By Elisabeth Wall
Hannah Sheets Adams ’14 has come back home.
Adams is a member of the third graduating class of nurses from Appalachian State University’s Beaver College of Health Sciences. Her first position out of college was in the oncology unit of Wake Forest Baptist Health in Winston-Salem. Two years later she has returned to work at Watauga Medical Center’s radiation oncology department.
Her return coincided with the groundbreaking of the Beaver College of Health Sciences’ new facilities, the land for which was donated to the university by Appalachian Regional Healthcare System. Watauga Medical Center is part of that health care system. The mission of the college is to graduate more health care professionals and educators like Adams to meet the critical and growing demand for health care in rural North Carolina and across the state.

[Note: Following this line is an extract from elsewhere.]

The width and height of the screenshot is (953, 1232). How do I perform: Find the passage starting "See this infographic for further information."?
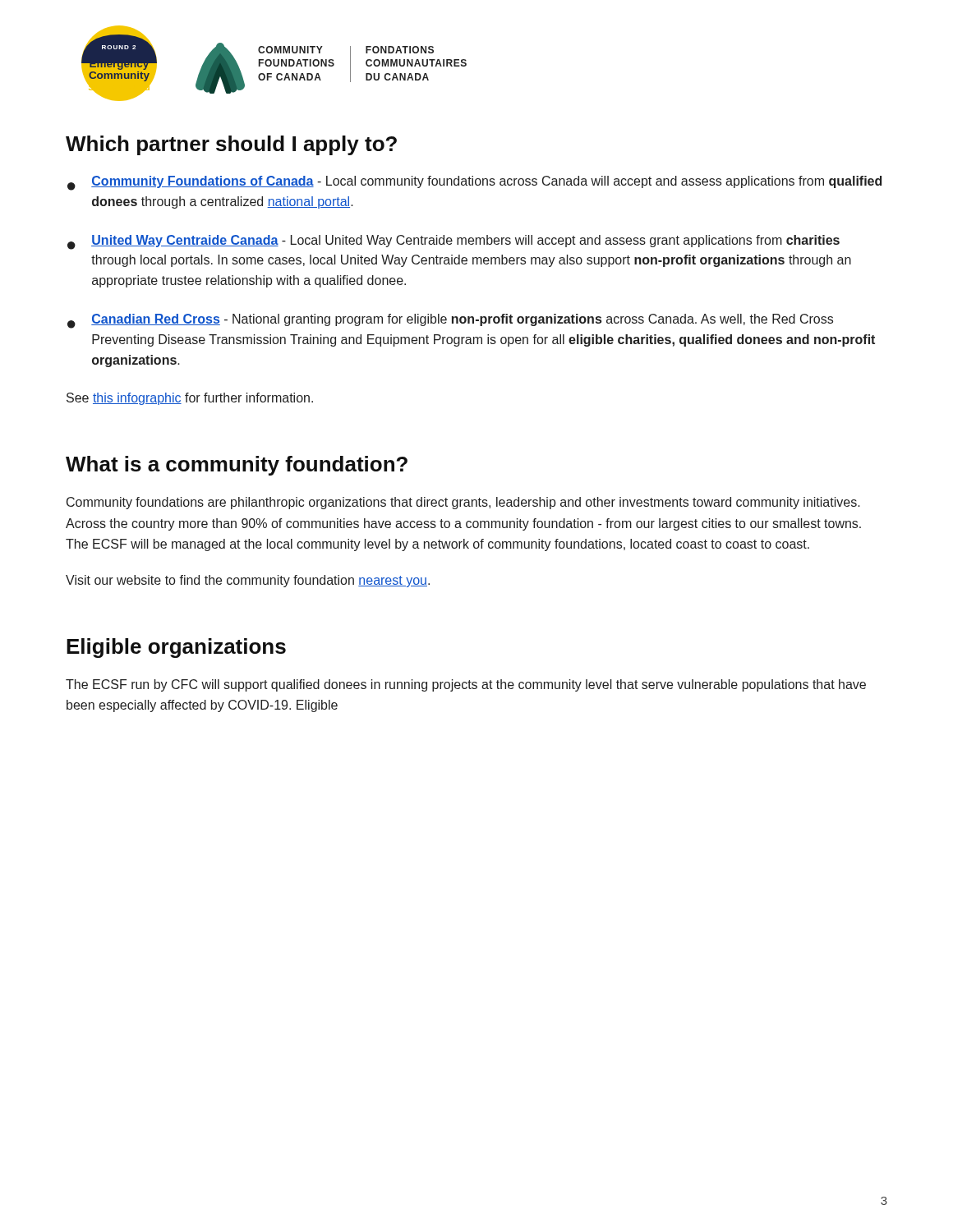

At Baptist, Adams was responsible for direct patient care, including giving medications, hourly rounding, drawing blood, charting and managing care on a vast array of patients from oncology to the Intensive Care Unit. For the most part, Adams worked specifically with bone marrow transplant patients. “I love that patient population,” she said. “Bone marrow transplant is a life-changing thing. So much happens to those patients. They are on high-dose chemotherapy and they are really sick and you’re managing all that. Some stay in the hospital for the rest of their lives. I loved every one of them.”
At the radiation oncology unit, Adams said, she is “responsible for new patient intake, drawing labs, occasionally giving medications, and working closely with Dr. [Yvonne] Mack and the radiation therapists.”
“Here it is autonomous,” Adams said. “I run my own show. Sure, I have expectations I have to meet for Dr. Mack and the rest of the staff. But at Baptist, I had 12 hours and a list of patients to care for and a list of things I had to get done. I’m happy here.”
Adams said she left Baptist because of her dissatisfaction with a new policy to increase the number of patients under her care. “I felt I would not be able to give what I wanted to my patients and that’s a big deal to me,” she said.
Another big reason for the move, she added, was “because it’s Boone! This is a nice place to be, a nice place to work.”
Adams has a long history with the High Country and with Appalachian. When she talks about her life here, her love for the place, the people and her patients is palpable.
She had her first exposure with Appalachian as a high-schooler in the university’s Upward Bound program, which provides academic support to high school students so they may complete high school, enroll in college and successfully obtain a college degree. Qualifying participants come from families who meet federal income guidelines, or will be first-generation college students.
Upward Bound has probably changed since she participated, Adams said, “but when I was in the program, we had tutoring sessions every week at my school. And then, during the summers we’d stay on campus and do tours and go camping. It was fun. It prepared you for being away from home, prepared you for going to college, ’cause you actually went to college.”
Despite the Upward Bound connection, Adams said her parents told her “‘to aim low’ because they couldn’t afford to send me to a four-year university. But I was stubborn. And I found myself at Appalachian and the ACCESS program landed in my lap and here I am. I graduated with no student debt.”
Adams, originally from Millers Creek near Wilkesboro, was the recipient of the university’s first Kenneth E. Peacock Spirit of ACCESS Award for embodying the difference the ACCESS scholarship program was created to make in someone’s life. The award included $1,000 and a medallion.
Despite her success in school, “nothing can prepare you for being a nurse,” she said. “Not a test, not a class. However, I think the nursing program at App did the best they could. I was ready for the NCLEX [the nursing exam all nurses are required by the state to pass before licensure.] Most of the staff and faculty in the nursing program are passionate about nursing. It takes people like that to get people to want to do this. Nursing is not for everyone.”
Adams plans to continue her education. “Not now,” she said. “But I will come back. Maybe for a nursing education degree or maybe for palliative care. Right now, I don’t know. When I do, I’ll tell my mom and she’ll say, ‘Hannah, keep your feet on the ground, come back to earth.’ She’ll tell me I’m crazy.”